MovieLabs addresses higher-order cybersecurity concerns

While generic cybersecurity practices are critically important, they mainly deal with physical and network related security issues, and don’t fully get to the unique concerns of media security.

Guidelines set by Motion Picture Laboratories (aka MovieLabs) are at a higher level in value-chain; identifying standardized use-cases, relationships and processes that provide accountability, not just security.  More like Layers 4 and higher in the standard ISO/OSI (Open Systems Interconnection) networking model, as opposed to Layers 4 and below.

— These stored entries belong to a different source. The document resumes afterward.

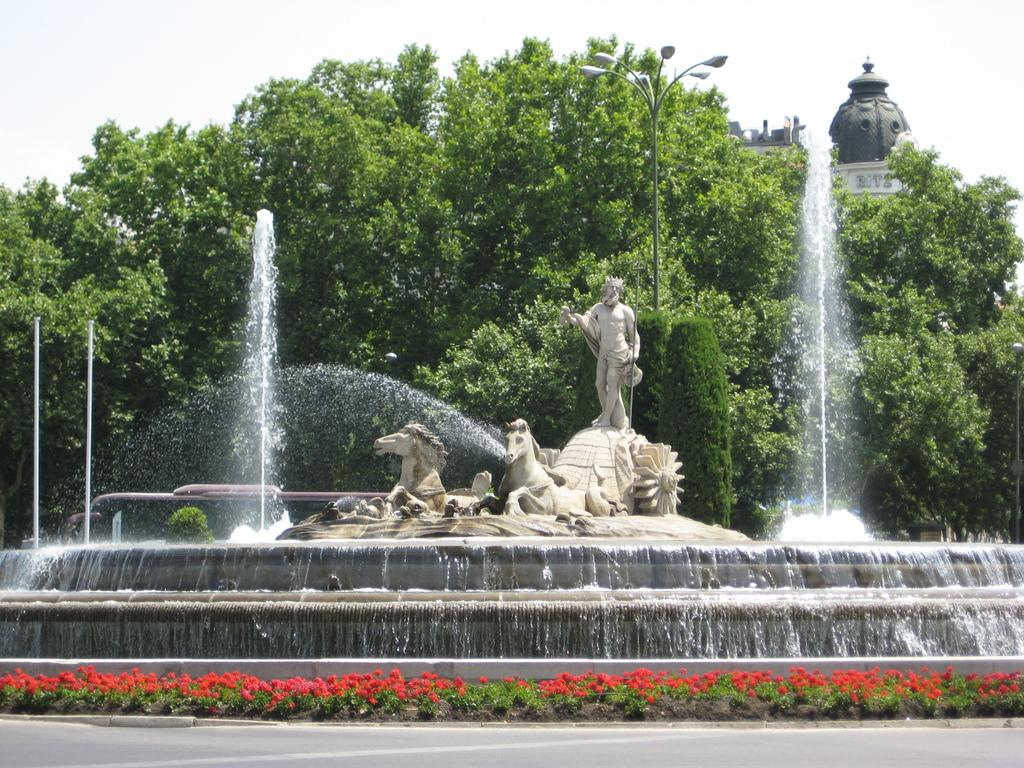What type of natural elements can be seen in the image? There are trees in the image. What type of artistic elements can be seen in the image? There are sculptures in the image. What type of water feature is visible in the image? There is water visible in the image. What part of the natural environment is visible in the image? The sky is visible in the image. Where is the clock located in the image? There is no clock present in the image. Can you see a giraffe in the image? No, there is no giraffe in the image. 
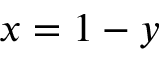<formula> <loc_0><loc_0><loc_500><loc_500>x = 1 - y</formula> 
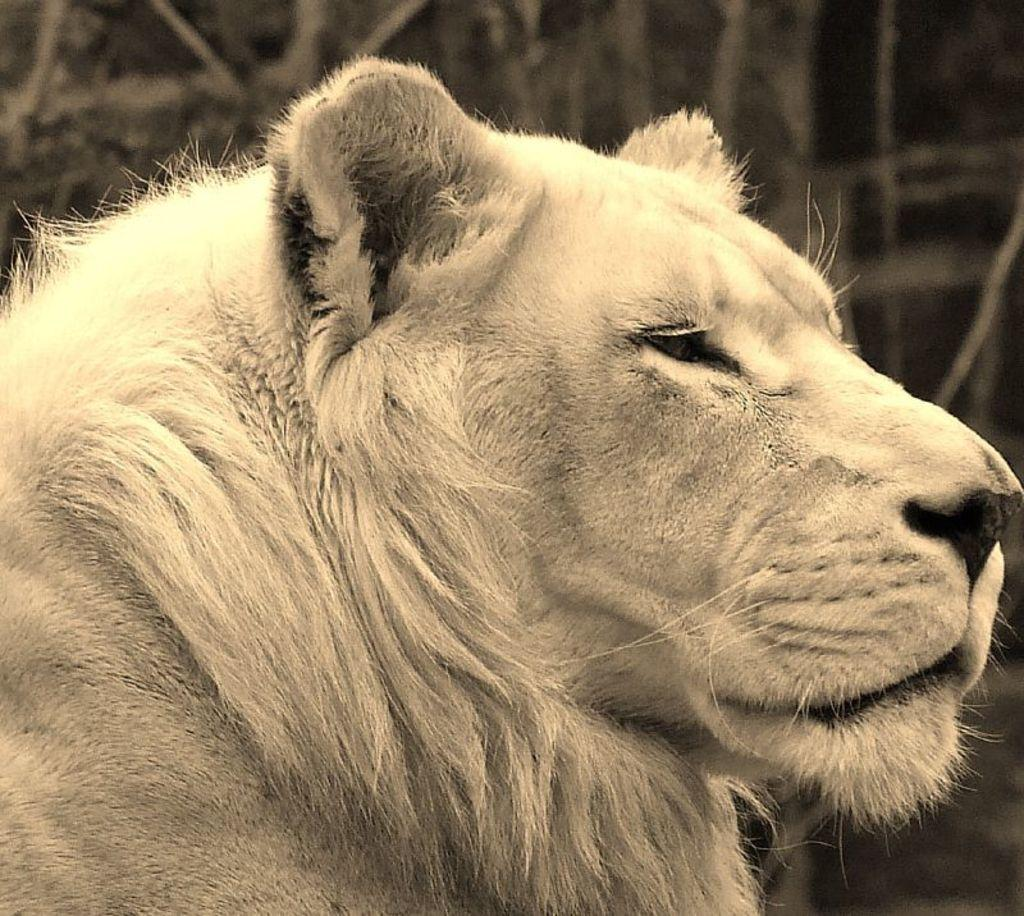What is the color scheme of the image? The image is black and white. What animal is featured in the image? There is a lion in the image. How many goldfish can be seen swimming in the image? There are no goldfish present in the image; it features a lion in a black and white color scheme.

MovieLabs guidelines around production security include:

MovieLabs Digital Distribution Framework. Source: MovieLabs

MovieLabs is best known in video security technology circles as author of the famous “MovieLabs Spec” (the Enhanced Content Protection – ECP – Specification), which identifies DRM and watermarking guidelines for Ultra HD content.  A new version was released in December 2020, to add television use-cases.

MovieLabs, by the way, also published Production Resumption guidelines for video producers as they resume operations post-COVID.